Problem details: Gather all lines in the data that hold the string "figures".

Entries supplied:
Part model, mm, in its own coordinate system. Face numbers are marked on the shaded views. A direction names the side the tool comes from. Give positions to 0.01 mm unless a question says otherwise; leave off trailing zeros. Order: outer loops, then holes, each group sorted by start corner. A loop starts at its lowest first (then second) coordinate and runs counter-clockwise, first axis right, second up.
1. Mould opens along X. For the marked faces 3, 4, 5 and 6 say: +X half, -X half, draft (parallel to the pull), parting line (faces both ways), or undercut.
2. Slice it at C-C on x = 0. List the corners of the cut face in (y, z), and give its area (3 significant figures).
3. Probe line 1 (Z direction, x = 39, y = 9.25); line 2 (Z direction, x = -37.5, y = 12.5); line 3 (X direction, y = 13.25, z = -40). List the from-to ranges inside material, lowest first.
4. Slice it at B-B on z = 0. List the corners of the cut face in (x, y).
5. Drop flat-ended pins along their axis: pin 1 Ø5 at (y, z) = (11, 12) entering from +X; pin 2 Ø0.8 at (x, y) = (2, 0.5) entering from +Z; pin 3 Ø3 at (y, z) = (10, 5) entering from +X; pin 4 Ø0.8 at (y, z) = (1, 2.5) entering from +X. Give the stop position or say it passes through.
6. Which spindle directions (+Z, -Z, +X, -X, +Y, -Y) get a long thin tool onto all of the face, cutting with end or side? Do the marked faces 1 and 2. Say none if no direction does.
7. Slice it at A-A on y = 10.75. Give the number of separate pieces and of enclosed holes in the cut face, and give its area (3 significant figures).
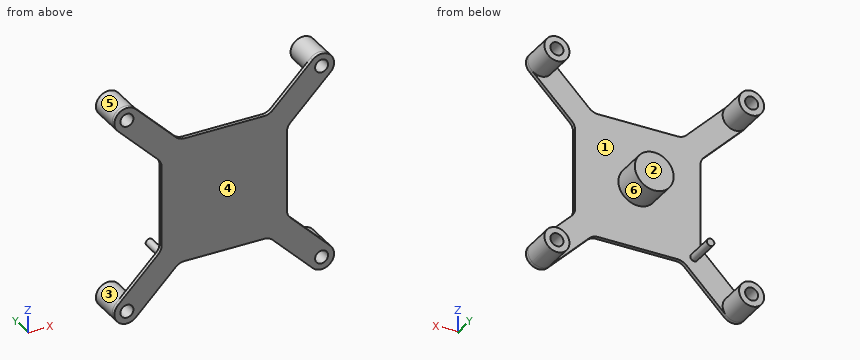
from build123d import *

# Parameters (mm, degrees)
SKETCH1_W           = 50
SKETCH1_H           = 50
SKETCH1_R           = 8
BOSS_EXTRUDE1_DEPTH = 1.5
BOSS_EXTRUDE3_START = -1.5
SKETCH5_R           = 2.6
SKETCH5_R_2         = 8
BOSS_EXTRUDE3_DEPTH = 1.5
FILLET1_R           = 5
SKETCH6_R           = 5
SKETCH6_R_2         = 2.6
BOSS_EXTRUDE4_DEPTH = 12
SKETCH7_R           = 8.25
BOSS_EXTRUDE5_DEPTH = 1.5
SKETCH8_R           = 7.75
BOSS_EXTRUDE6_DEPTH = 12
SKETCH9_R           = 1.5
BOSS_EXTRUDE7_DEPTH = 12


with BuildPart() as part:
    # Sketch1 → Boss-Extrude1 (new body)
    with BuildSketch(Plane(origin=(0, 0, 0), x_dir=(1, 0, 0), z_dir=(0, 1, 0))):
        Rectangle(SKETCH1_W, SKETCH1_H)
        with Locations(Location((0, 0, 0), (0, 0, 270))):
            Circle(SKETCH1_R, mode=Mode.SUBTRACT)
    extrude(amount=BOSS_EXTRUDE1_DEPTH)

    # Sketch5 → Boss-Extrude3 (add)
    with BuildSketch(Plane(origin=(0, 1.5, 0), x_dir=(1, 0, 0), z_dir=(0, 1, 0)).offset(BOSS_EXTRUDE3_START)):
        Polygon((-42.426406871, -35.355339059), (-25, -17.928932188), (-25, 17.928932188), (-42.426406871, 35.355339059), (-45.961940777, 38.890872965), (-38.890872965, 45.961940777), (-35.355339059, 42.426406871), (-17.928932188, 25), (17.928932188, 25), (35.355339059, 42.426406871), (38.890872965, 45.961940777), (45.961940777, 38.890872965), (42.426406871, 35.355339059), (25, 17.928932188), (25, -17.928932188), (42.426406871, -35.355339059), (45.961940777, -38.890872965), (38.890872965, -45.961940777), (35.355339059, -42.426406871), (17.928932188, -25), (-17.928932188, -25), (-35.355339059, -42.426406871), (-38.890872965, -45.961940777), (-45.961940777, -38.890872965), align=None)
        with Locations(Location((-38.890872965, -38.890872965, 0), (0, 0, 270))):
            Circle(SKETCH5_R, mode=Mode.SUBTRACT)
        with Locations(Location((38.890872965, 38.890872965, 0), (0, 0, 270))):
            Circle(SKETCH5_R, mode=Mode.SUBTRACT)
        with Locations(Location((38.890872965, -38.890872965, 0), (0, 0, 90))):
            Circle(SKETCH5_R, mode=Mode.SUBTRACT)
        with Locations(Location((-38.890872965, 38.890872965, 0), (0, 0, 90))):
            Circle(SKETCH5_R, mode=Mode.SUBTRACT)
        with Locations(Location((0, 0, 0), (0, 0, 270))):
            Circle(SKETCH5_R_2, mode=Mode.SUBTRACT)
    extrude(amount=BOSS_EXTRUDE3_DEPTH)

    # Fillet1
    fillet1_edges = [part.edges().sort_by_distance(p)[0] for p in [
        (17.928932188, 0.75, 25),
        (38.890872965, 0.75, 45.961940777),
        (45.961940777, 0.75, 38.890872965),
        (25, 0.75, 17.928932188),
        (25, 0.75, -17.928932188),
        (45.961940777, 0.75, -38.890872965),
        (38.890872965, 0.75, -45.961940777),
        (17.928932188, 0.75, -25),
        (-17.928932188, 0.75, -25),
        (-38.890872965, 0.75, -45.961940777),
        (-45.961940777, 0.75, -38.890872965),
        (-25, 0.75, -17.928932188),
        (-25, 0.75, 17.928932188),
        (-45.961940777, 0.75, 38.890872965),
        (-38.890872965, 0.75, 45.961940777),
        (-17.928932188, 0.75, 25),
    ]]
    fillet(fillet1_edges, radius=FILLET1_R - 0.0001)  # a hair under: the kernel refuses the full size

    # Sketch6 → Boss-Extrude4 (add)
    # profile 1 of 4: a face of its own
    with BuildSketch(Plane(origin=(0, 1.5, 0), x_dir=(1, 0, 0), z_dir=(0, 1, 0))):
        with Locations(Location((-38.890872965, -38.890872965, 0), (0, 0, 270))):
            Circle(SKETCH6_R)
        with Locations(Location((-38.890872965, -38.890872965, 0), (0, 0, 270))):
            Circle(SKETCH6_R_2, mode=Mode.SUBTRACT)
    # profile 2 of 4: a face of its own
    with BuildSketch(Plane(origin=(0, 1.5, 0), x_dir=(1, 0, 0), z_dir=(0, 1, 0))):
        with Locations(Location((-38.890872965, 38.890872965, 0), (0, 0, 270))):
            Circle(SKETCH6_R)
        with Locations(Location((-38.890872965, 38.890872965, 0), (0, 0, 270))):
            Circle(SKETCH6_R_2, mode=Mode.SUBTRACT)
    # profile 3 of 4: a face of its own
    with BuildSketch(Plane(origin=(0, 1.5, 0), x_dir=(1, 0, 0), z_dir=(0, 1, 0))):
        with Locations(Location((38.890872965, 38.890872965, 0), (0, 0, 270))):
            Circle(SKETCH6_R)
        with Locations(Location((38.890872965, 38.890872965, 0), (0, 0, 270))):
            Circle(SKETCH6_R_2, mode=Mode.SUBTRACT)
    # profile 4 of 4: a face of its own
    with BuildSketch(Plane(origin=(0, 1.5, 0), x_dir=(1, 0, 0), z_dir=(0, 1, 0))):
        with Locations(Location((38.890872965, -38.890872965, 0), (0, 0, 270))):
            Circle(SKETCH6_R)
        with Locations(Location((38.890872965, -38.890872965, 0), (0, 0, 270))):
            Circle(SKETCH6_R_2, mode=Mode.SUBTRACT)
    extrude(amount=BOSS_EXTRUDE4_DEPTH)

    # Sketch7 → Boss-Extrude5 (add)
    with BuildSketch(Plane(origin=(0, 1.5, 0), x_dir=(1, 0, 0), z_dir=(0, 1, 0))):
        Circle(SKETCH7_R)
    extrude(amount=-BOSS_EXTRUDE5_DEPTH)

    # Sketch8 → Boss-Extrude6 (add)
    with BuildSketch(Plane(origin=(0, 1.5, 0), x_dir=(1, 0, 0), z_dir=(0, 1, 0))):
        with Locations(Location((0, 0, 0), (0, 0, 90))):
            Circle(SKETCH8_R)
    extrude(amount=BOSS_EXTRUDE6_DEPTH)

    # Sketch9 → Boss-Extrude7 (add)
    with BuildSketch(Plane(origin=(0, 1.5, 0), x_dir=(1, 0, 0), z_dir=(0, 1, 0))):
        with Locations(Location((-22.5, 22.5, 0), (0, 0, 90))):
            Circle(SKETCH9_R)
    extrude(amount=BOSS_EXTRUDE7_DEPTH)


solid = part.part
Data:
1. face 3: undercut
1. face 4: draft
1. face 5: undercut
1. face 6: parting line
2. outline: (0, -25) - (1.5, -25) - (1.5, -7.75) - (13.5, -7.75) - (13.5, 7.75) - (1.5, 7.75) - (1.5, 25) - (0, 25) - close
2. area: 261 mm2
3. line 1: z = -43.89 to -41.49, -36.29 to -33.89, 33.89 to 36.29, 41.49 to 43.89
3. line 2: z = -43.69 to -41.09, -36.69 to -34.09, 34.09 to 36.69, 41.09 to 43.69
3. line 3: x = -43.77 to -41.24, -36.54 to -34.02, 34.02 to 36.54, 41.24 to 43.77
4. outline: (-25, 0) - (25, 0) - (25, 1.5) - (7.75, 1.5) - (7.75, 13.5) - (-7.75, 13.5) - (-7.75, 1.5) - (-25, 1.5) - close
5. pin 1: passes through
5. pin 2: stops at z = 25
5. pin 3: stops at x = 6.91
5. pin 4: stops at x = 25
6. face 1: +Y
6. face 2: +Z, -Z, +X, -X, +Y
7. separate pieces: 6
7. enclosed holes: 4
7. area: 425 mm2

Final answer:
2. Slice it at C-C on x = 0. List the corners of the cut face in (y, z), and give its area (3 significant figures).
7. Slice it at A-A on y = 10.75. Give the number of separate pieces and of enclosed holes in the cut face, and give its area (3 significant figures).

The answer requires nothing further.